We know that in a standard quadratic polynomial:

Sum of roots, $\alpha + \frac{1}{\alpha} = \frac{- b}{a}$ …. (i)

and Product of the roots, $\alpha .\frac{1}{\alpha} = \frac{c}{a}$ …. (ii)

By substituting the values of c and a in equation (ii), $\alpha . \frac{1}{\alpha} = \frac{8 k}{2}$

∴ 1 = 4 k

∴ k = $\frac{1}{4}$

Therefore, option b) is correct

4. Nature of graph:

Let’s start by finding values of the graph for different values of x and plot it

To plot it, we consider equation of graph as f(x) = x² + 1 and plot values of f(x) on y axis.

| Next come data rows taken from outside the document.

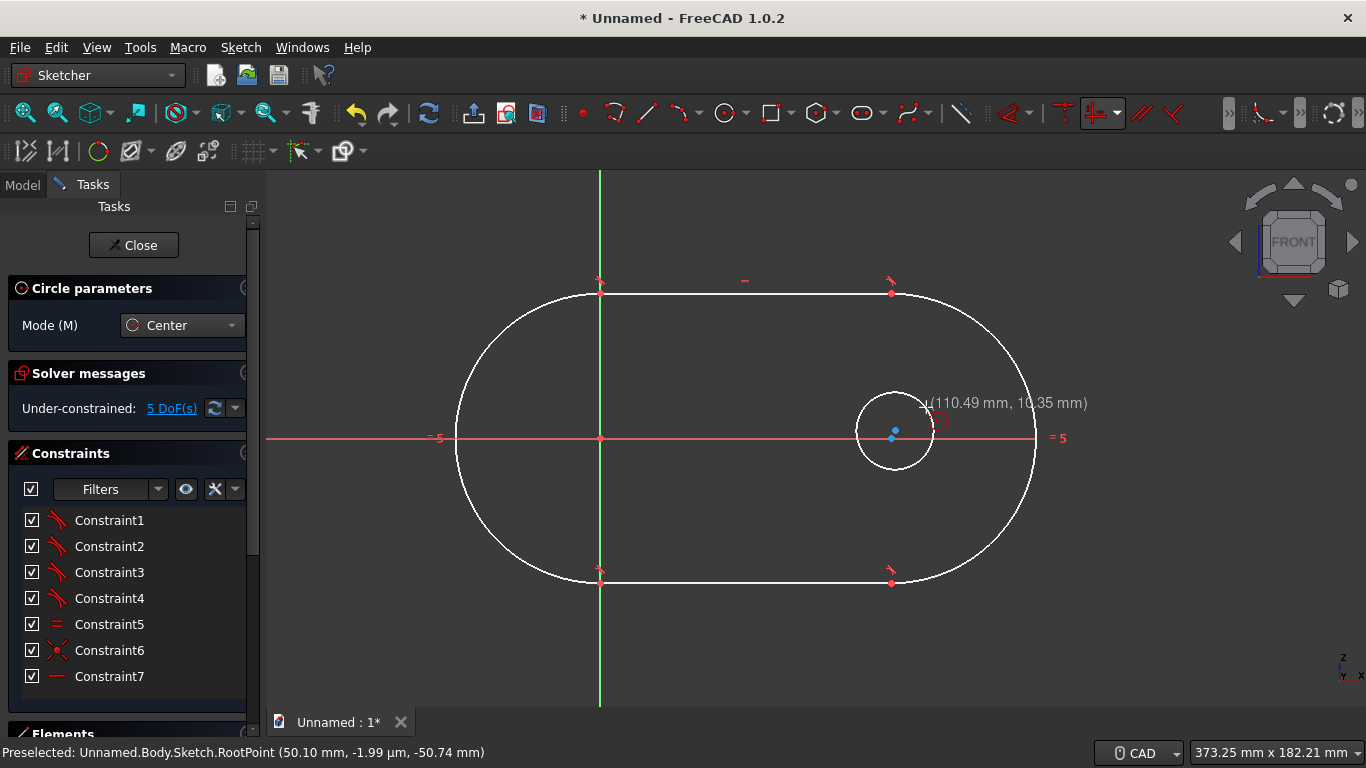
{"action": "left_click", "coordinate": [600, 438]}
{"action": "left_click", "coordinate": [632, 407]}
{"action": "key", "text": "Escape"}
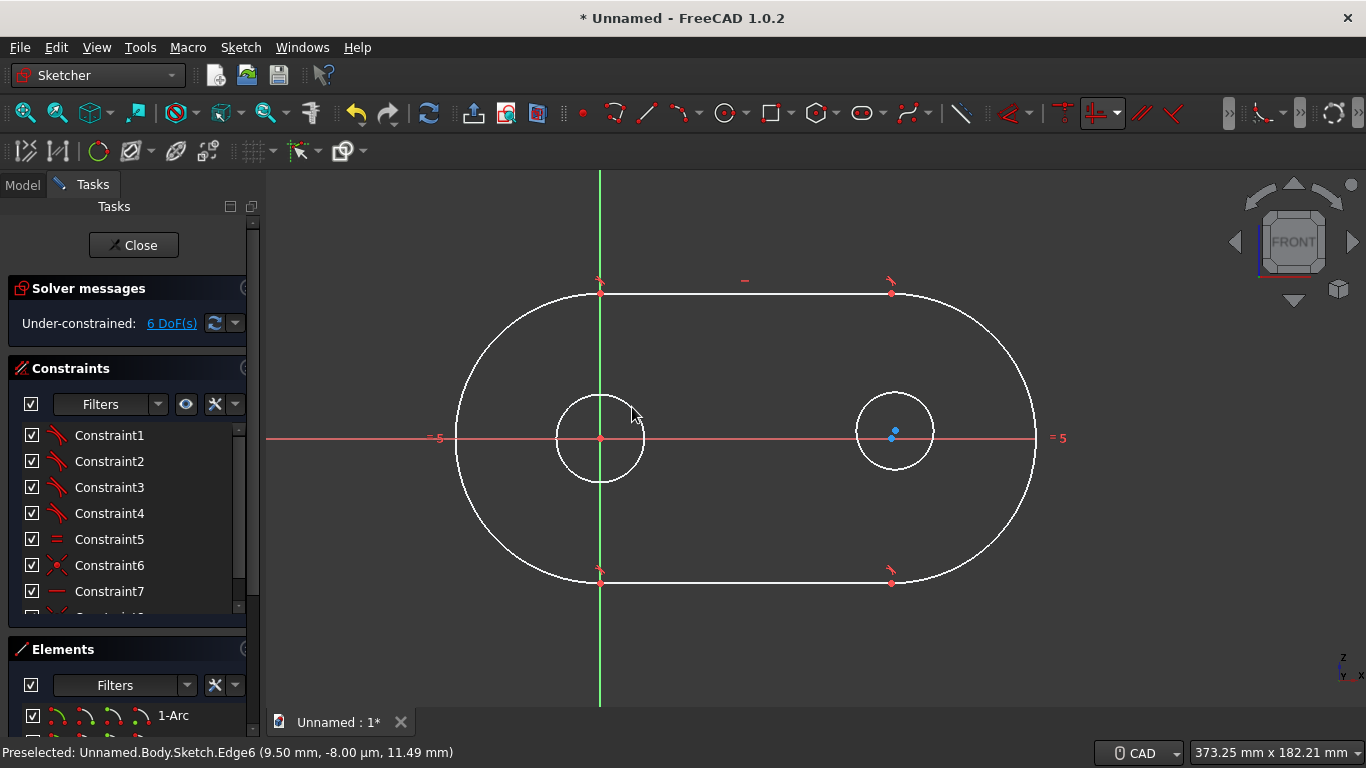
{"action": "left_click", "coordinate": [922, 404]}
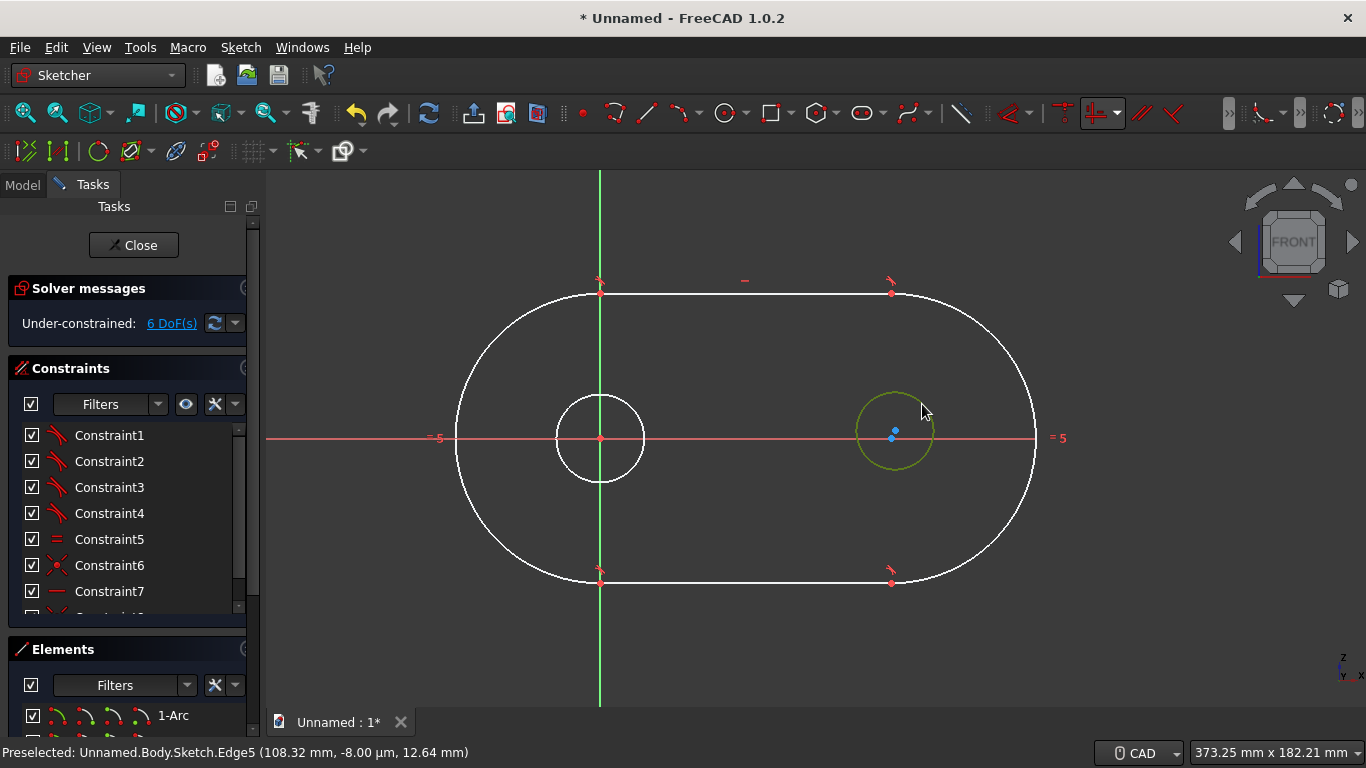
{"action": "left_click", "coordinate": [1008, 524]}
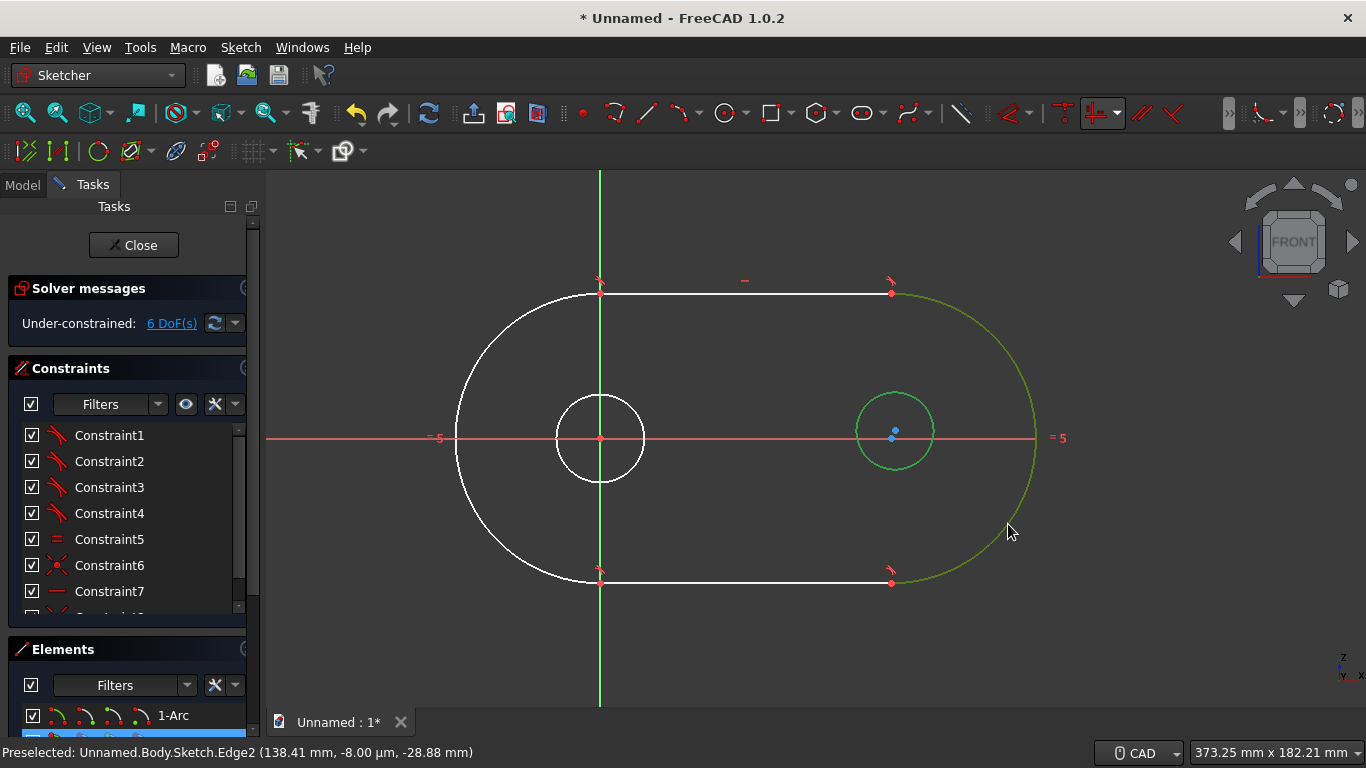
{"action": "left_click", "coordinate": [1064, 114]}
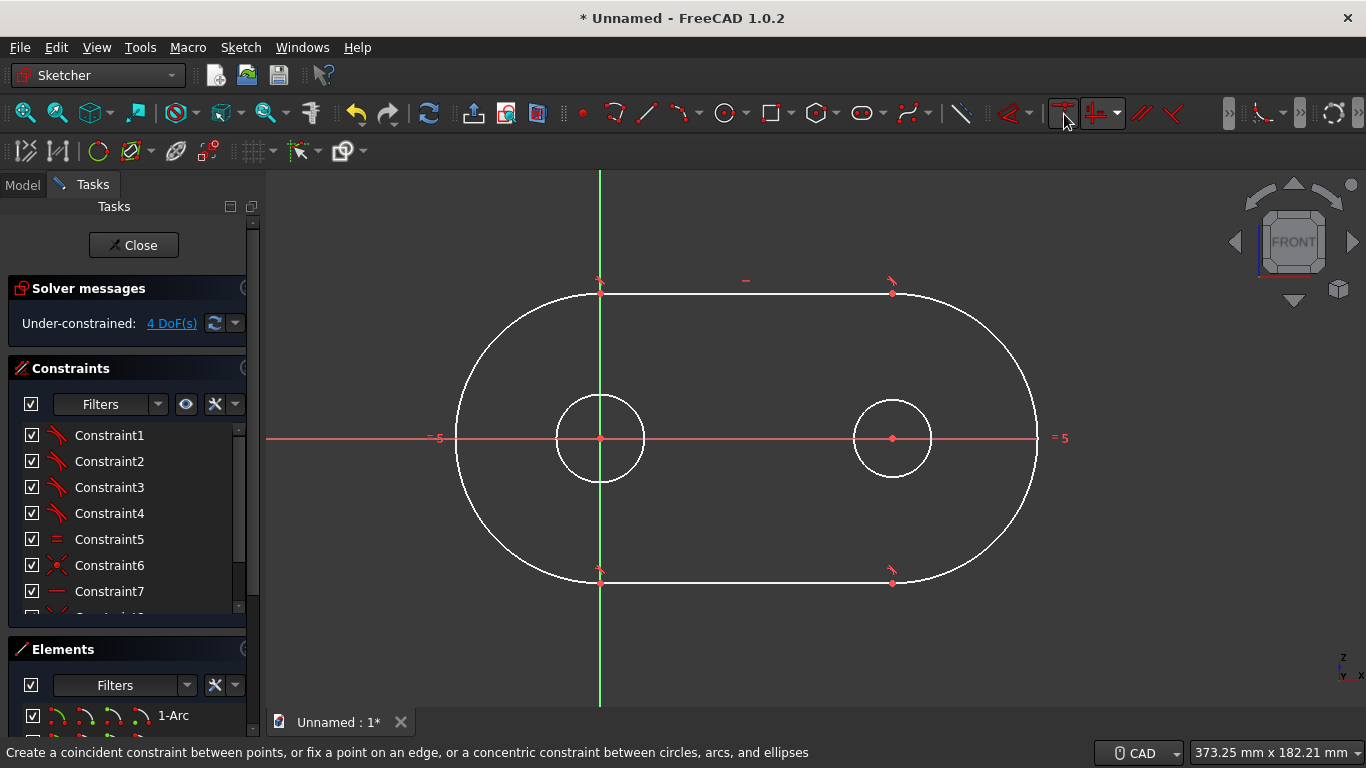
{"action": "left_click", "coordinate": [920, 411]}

for x = 0, f(x) = (0)² + 1 = 1

for x = 1, f(x) = (1)² + 1 = 2

for x = 2, f(x) = (2)² + 1 = 5

for x = – 1, f(x) = (- 1)² + 1 = 2

for x = – 2, f(x) = (- 2)² + 1 = 5

Since on x-axis, f(x) = 0, and for no value of x, its value of f(x) is 0, hence the graph doesn’t touch X – axis, nor intersects X-axis.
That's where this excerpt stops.